Justice Samuel A. Alito Jr. asked whether the program allowed parents to use state money for tuition at elite private boarding schools in other states but not at local religious ones.
Mr. Taub said yes. “An Andover or a Phillips Exeter may be different from Bangor Public High School in many different ways,” he said. “But what they share in common is the most important feature, which is that they are not inculcating religion.”
The case, Carson v. Makin, No. 20-1088, was broadly similar to one from Montana decided by the court last year. In that case, the court ruled that states must allow religious schools to participate in programs that provide scholarships to students attending private schools.
Chief Justice John G. Roberts Jr., writing for the majority in that case, Espinoza v. Montana Department of Revenue, said a provision of the state’s Constitution banning aid to schools run by churches ran afoul of the federal Constitution’s protection of the free exercise of religion by discriminating against religious people and schools.
“A state need not subsidize private education,” he wrote. “But once a state decides to do so, it cannot disqualify some private schools solely because they are religious.”
But the Montana decision turned on the schools’ religious status rather than their curriculums. There might be a difference, Chief Justice Roberts wrote last year, between an institution’s religious identity and its conduct.
“We acknowledge the point,” he wrote, “but need not examine it here.” The Maine case will turn on the point.
Chief Justice Roberts and other conservative justices made clear on Wednesday that they thought the distinction drawn in the Montana case, between religious status and religious activity, made no constitutional difference.
The chief justice asked, for instance, whether the state would pay for tuition at a religious school whose doctrine calls for public service and that “does look just like a public school, but it’s owned by religion.” Mr. Taub said yes.
What about a religious school that “is infused in every subject with their view of the faith?” the chief justice asked. Mr. Taub said such a school would not qualify.
Chief Justice Roberts said that was an important concession. “So you’re discriminating among religions based on their belief, right?” he asked, adding that the government may not “draw distinctions between religions based on their doctrine.”
Michael Bindas, a lawyer with the Institute for Justice, a libertarian group that represents the families, said that “religious discrimination is religious discrimination.”
“Religious schools, after all, teach religion, just as a soccer team plays soccer or a book club reads books,” he said. “Yes, it is part of what they do.

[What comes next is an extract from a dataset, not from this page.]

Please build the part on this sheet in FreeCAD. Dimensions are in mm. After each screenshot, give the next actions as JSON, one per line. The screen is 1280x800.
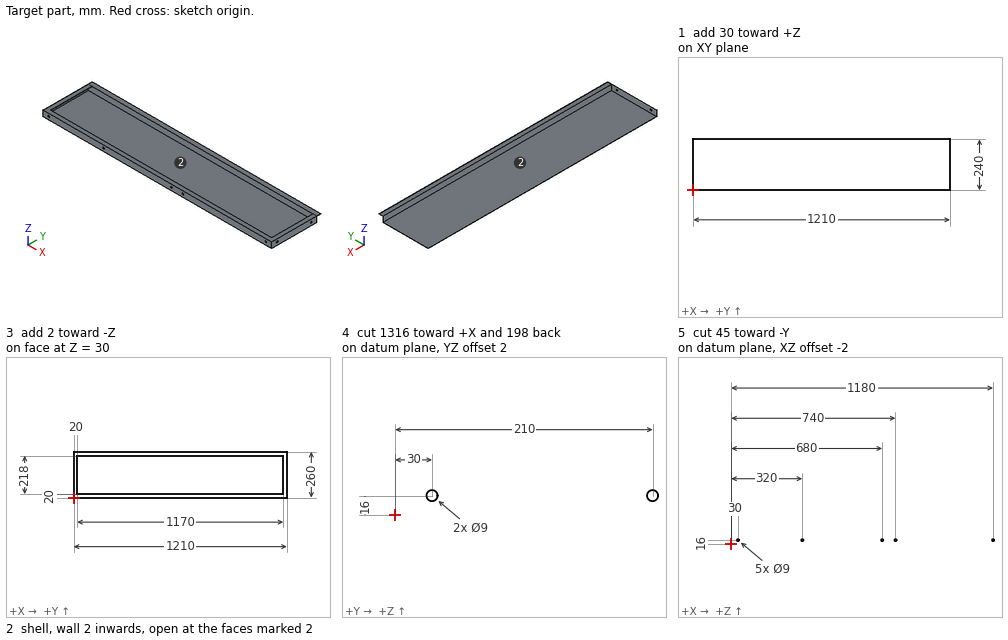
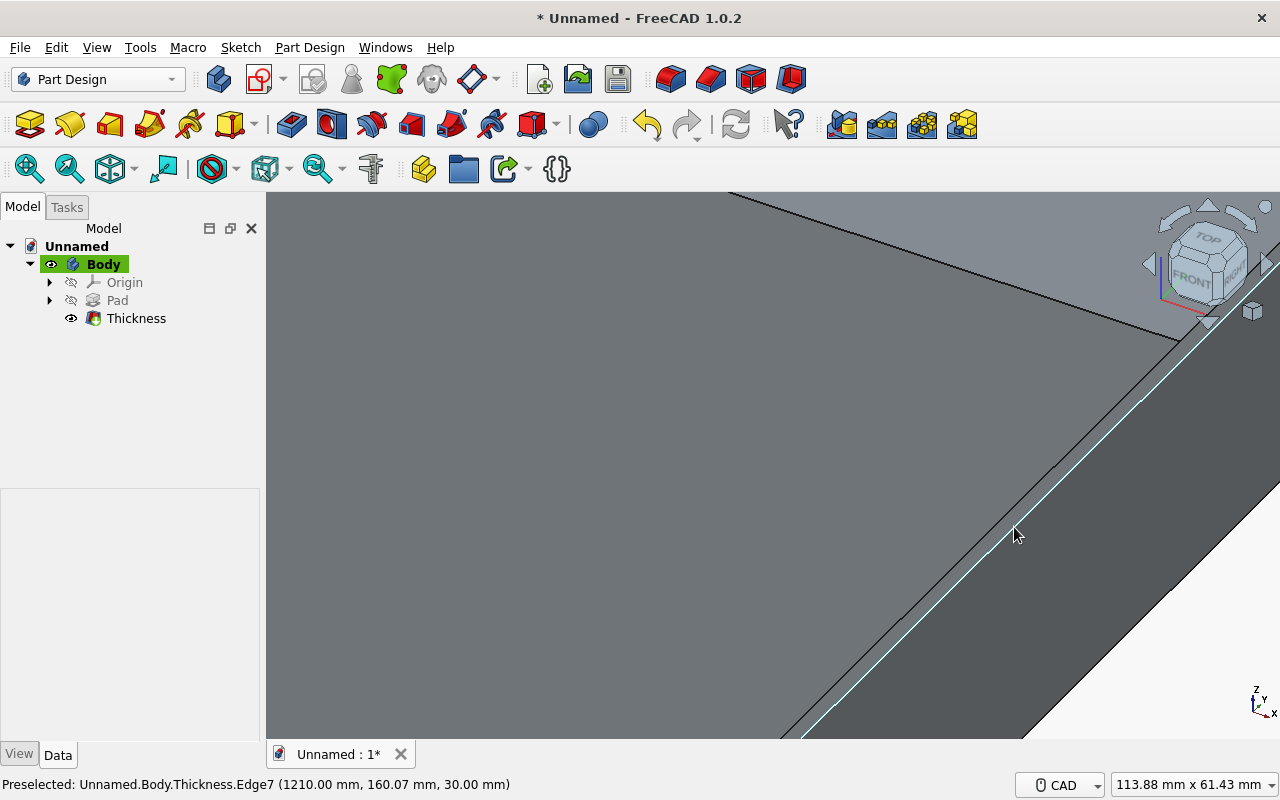
{"action": "scroll", "coordinate": [994, 539], "scroll_direction": "up", "scroll_amount": 4}

It is also part of who they are.”
One of the schools at issue in the case, Temple Academy in Waterville, Maine, says it expects its teachers “to integrate biblical principles with their teaching in every subject” and teaches students “to spread the word of Christianity.” The other, Bangor Christian School, says it seeks to develop “within each student a Christian worldview and Christian philosophy of life.”
The two schools “candidly admit that they discriminate against homosexuals, individuals who are transgender and non-Christians,” Maine’s Supreme Court brief said.

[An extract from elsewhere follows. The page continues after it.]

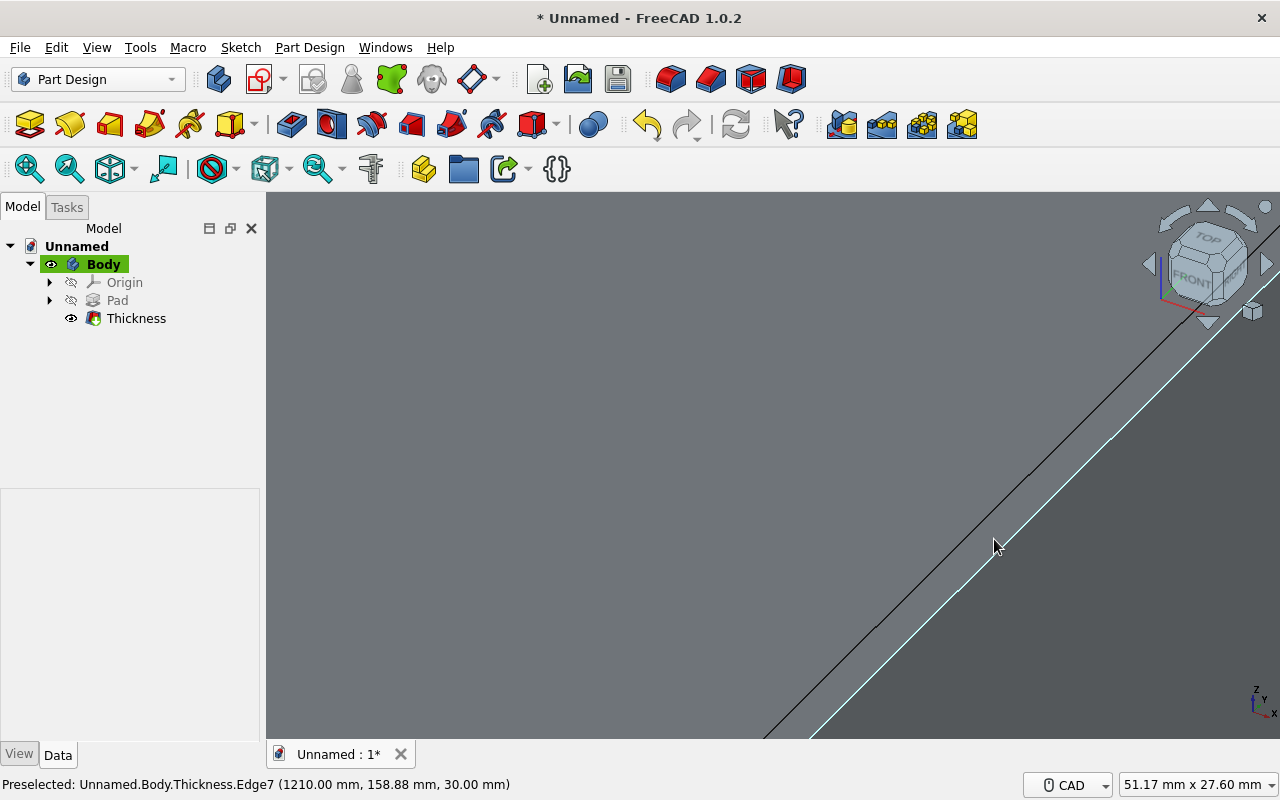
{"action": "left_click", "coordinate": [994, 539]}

Justice Elena Kagan said that point was not in dispute. “These schools are overtly discriminatory,” she said. “They’re proudly discriminatory. Other people won’t understand why in the world their taxpayer dollars are going to discriminatory schools.”
Justice Neil M. Gorsuch said that Maine’s anti-discrimination laws were not at issue in the case.
Much of the argument was devoted to hypothetical questions. Mr. Taub volunteered that schools that taught Marxism, Leninism or white supremacy “would be doing something completely inconsistent with a public education,” though he conceded that the state law at issue in the case does not currently forbid that.
“Would you say the same thing about a school that teaches critical race theory?” Justice Alito asked.
Mr. Taub said that he did not “know exactly what it means to teach critical race theory” and that “the Maine Legislature would have to look at what that actually means.”